The four were arrested after they entered the Women’s Health Clinic in Flint Township on June 7, 2019, and began handing out red roses to patients sitting in the clinic’s waiting room and urging them not to get an abortion.

The Court of Appeals noted in its opinion that the clinic provides various pregnancy-related services to women including ultrasounds and pregnancy testing. The clinic also performs abortions. The Court also
noted that the protestors did not know the patients who were sitting in the waiting room, nor did they necessarily know the purpose or reason for the patients’ visits to the clinic.

The clinic manager demanded the protestors leave the building and when they refused to do so, she called the police.

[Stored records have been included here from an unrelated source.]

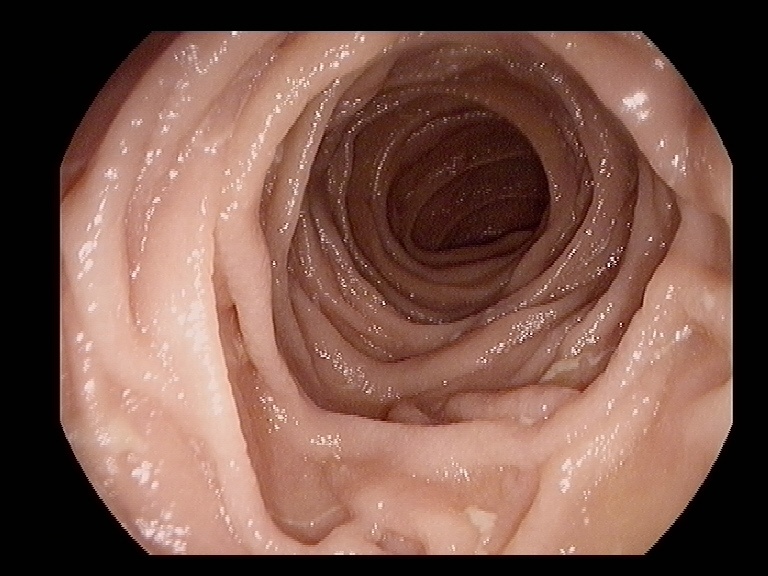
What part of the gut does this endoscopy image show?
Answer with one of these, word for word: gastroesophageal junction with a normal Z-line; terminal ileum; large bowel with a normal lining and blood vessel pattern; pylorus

terminal ileum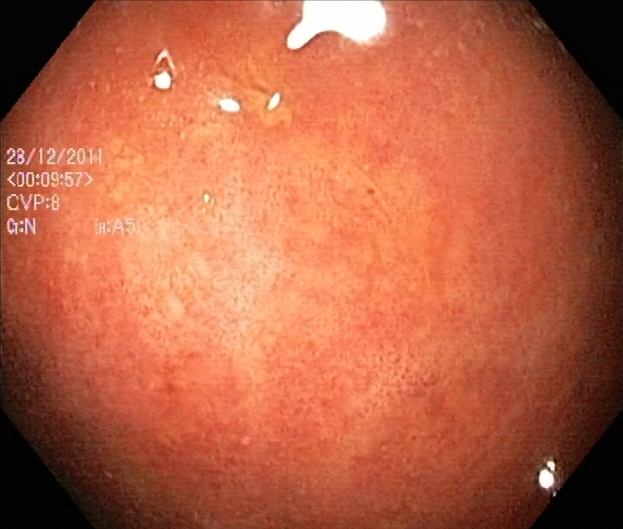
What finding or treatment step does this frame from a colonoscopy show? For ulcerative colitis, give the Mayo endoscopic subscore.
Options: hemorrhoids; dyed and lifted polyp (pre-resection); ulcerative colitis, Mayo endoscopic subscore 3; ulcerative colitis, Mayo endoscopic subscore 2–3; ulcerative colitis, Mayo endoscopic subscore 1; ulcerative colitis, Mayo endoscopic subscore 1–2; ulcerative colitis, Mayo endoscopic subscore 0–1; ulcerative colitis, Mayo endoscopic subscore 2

ulcerative colitis, Mayo endoscopic subscore 2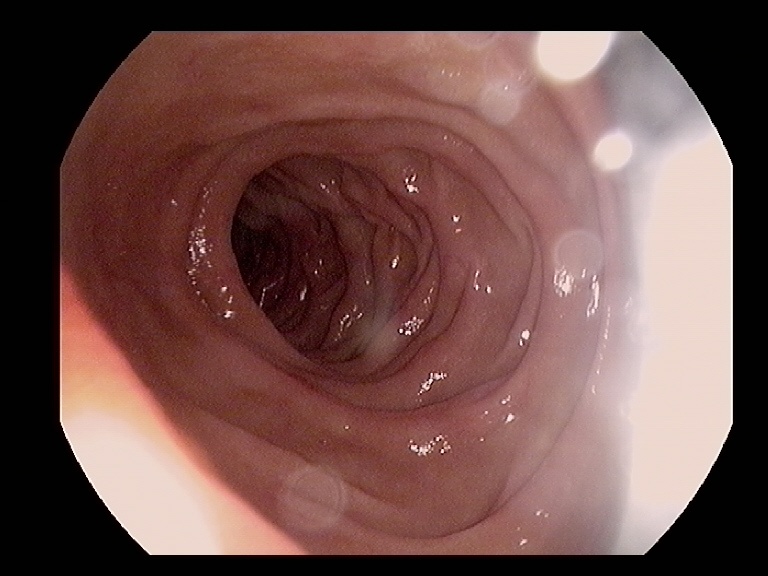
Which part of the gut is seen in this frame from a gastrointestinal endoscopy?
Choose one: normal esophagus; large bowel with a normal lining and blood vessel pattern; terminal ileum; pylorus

terminal ileum

Both Michigan State Police and Flint Township police arrived on the scene and ordered the protestors to leave the building or face being arrested, but they continued to refuse to do so and instead, they either knelt or sat while singing religious songs.

When the police informed them they were under arrest and ordered them to stand and leave the building, the protestors went limp requiring the police to physically carry them out of the building.

In their appeal of their jury trial convictions and jail sentences, the protestors’ lawyers argued several legal challenges revolving around their claimed constitutional right to exercise their religion. The Court of Appeals denied each claim and affirmed the convictions and sentences.

“The protestors have every right to publicly and zealously state their personal and deeply
held beliefs and to advocate for their position as long as it is done in the proper time,
place and manner which clearly, in this case, they did not do…” Prosecutor Leyton said.